Esta lectura es compartida por algunos grupos estudiantiles, que también ven en el sistema de enseñanzas medias un `lastre´ a la hora de enfrentarse a la Universidad. No obstante, desde el otro lado de `la barrera´ no se hacen las mismas observaciones.
Antonio Herranz, profesor de Bachillerato y ex director del instituto Emilio Prados, sostiene que la Logse puede influir en el fenómeno, pero la Universidad "también debería dejar de mirarse el ombligo y adaptarse a los nuevos tiempos". "A mí no se me ocurre decir, cuando un alumno me llega con bajo nivel, que la culpa la tienen mis compañeros de Primaria", añade. A pesar de ello, reconoce las debilidades del sistema y el hecho de que en dos años de Bachillerato, el alumno no "madura" lo suficiente para entrar en la Universidad. "Hasta los estudiantes más buenos tienen problemas para llegar, incluso yo tengo que dar más contenidos en menos tiempo", afirma, y eso acaba pasando factura.
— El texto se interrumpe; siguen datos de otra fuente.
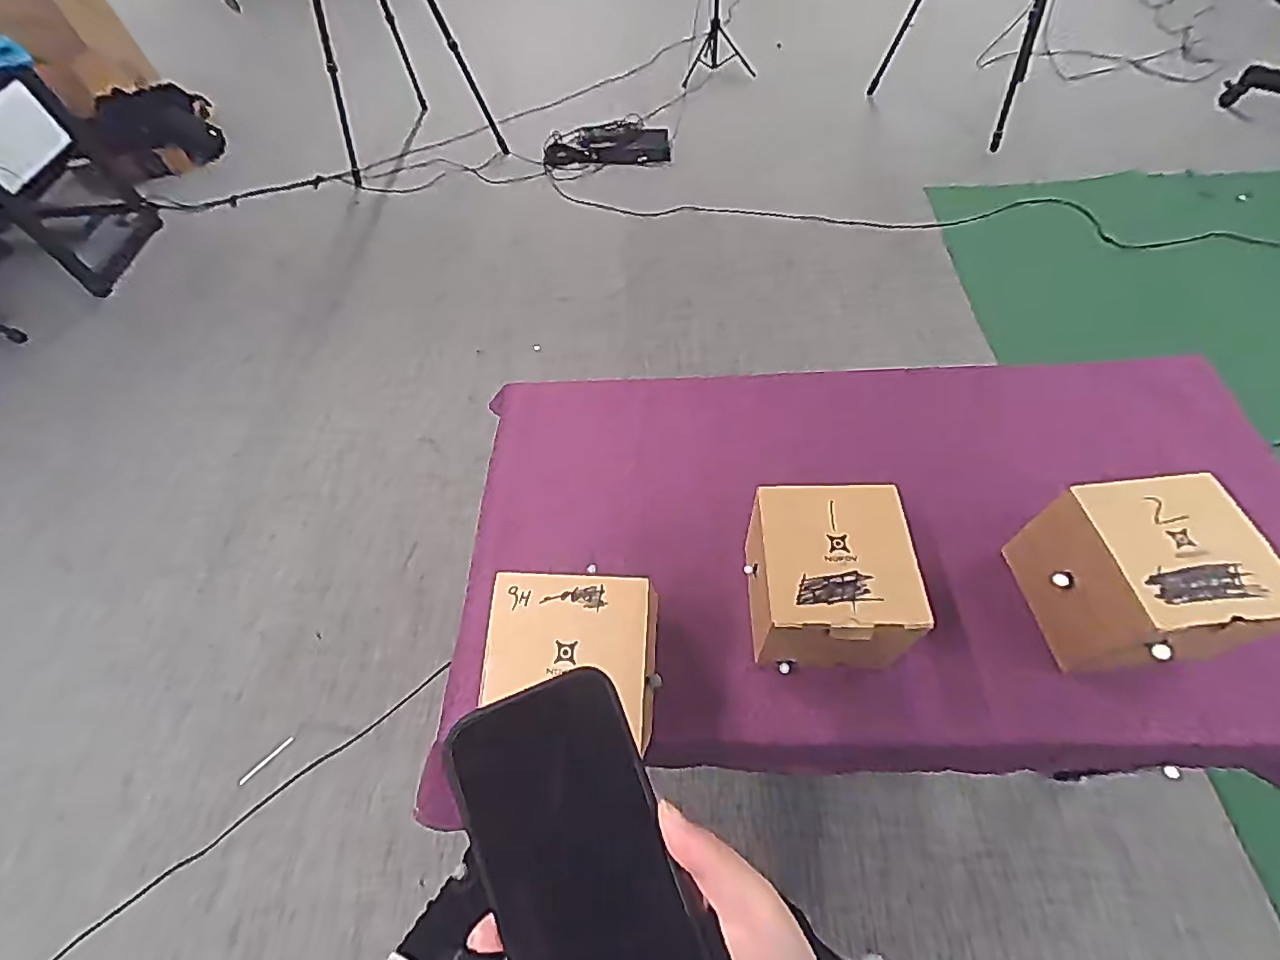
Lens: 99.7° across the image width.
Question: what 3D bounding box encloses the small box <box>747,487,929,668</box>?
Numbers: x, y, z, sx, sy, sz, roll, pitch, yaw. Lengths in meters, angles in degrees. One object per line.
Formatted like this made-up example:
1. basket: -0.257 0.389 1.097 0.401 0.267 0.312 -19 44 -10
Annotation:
1. small box: 0.226 0.126 0.671 0.168 0.176 0.179 -1 56 4

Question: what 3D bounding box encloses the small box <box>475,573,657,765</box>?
1. small box: -0.069 0.209 0.619 0.168 0.176 0.179 1 72 5
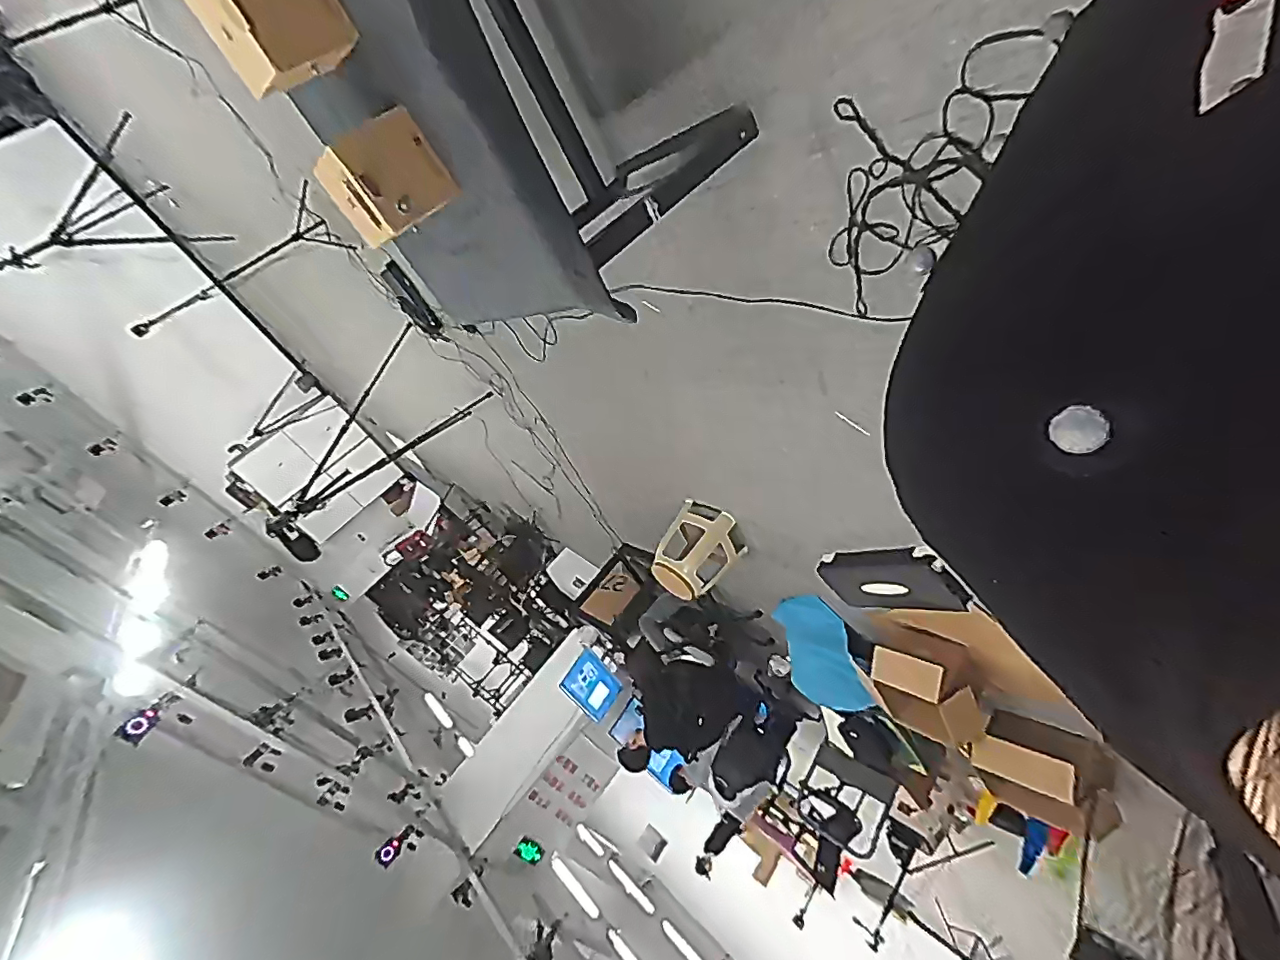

Críticas. Las voces críticas contra la Universidad también vienen del propio alumnado. Si bien el presidente del grupo claustral Reforma, Miguel Ángel Ruiz, defiende que "la culpa del fracaso académico" está en la Logse y que la actual LOE no va a ser mejor, también apunta a la falta de medios, argumentando que las andaluzas "son las peor financiadas" de todas las universidades españolas.
Mientras, Mohamed Bazi, representante de Estudiantes Malagueños de Ingeniería Superior (las carreras técnicas son las que tradicionalmente registran peores calificaciones), sostiene que se deberían hacer algunos "cambios" para mejorar la efectividad de la enseñanza, empezando por el profesorado. A su juicio, "los profesores exigen mucho y después no se implican con el alumno, no van más allá de la explicación en la clase". Bazi también certifica la falta de medios y critica que las calificaciones se basen "demasiado" en los exámenes, dejando a un lado otras cuestiones como los trabajos y las prácticas.
Mejoras. Todas estas deficiencias desaparecerán cuando se entre de lleno en el Espacio Europeo de Enseñanza Superior, confía la vicerrectora de Ordenación Académica de la UMA, Ana Lozano. Con este sistema, las prácticas y el trabajo que el alumno realice por su cuenta se tendrán en mayor consideración a la hora de puntuar. Además, Lozano recuerda que la institución académica ya ha comenzado a aprobar algunas medidas para luchar contra el fracaso académico. "Con la aprobación del Plan de Ordenación Docente se introducen algunos elementos, como la reducción de alumnos en los grupos, que mejorará la calidad de la enseñanza", destaca. La vicerrectora niega, además, que los `premios´ que se darán al profesorado por la investigación o la implicación en idiomas vayan en contra de una merma en la enseñanza, ya que "al final todo redunda en una mejora de la calidad".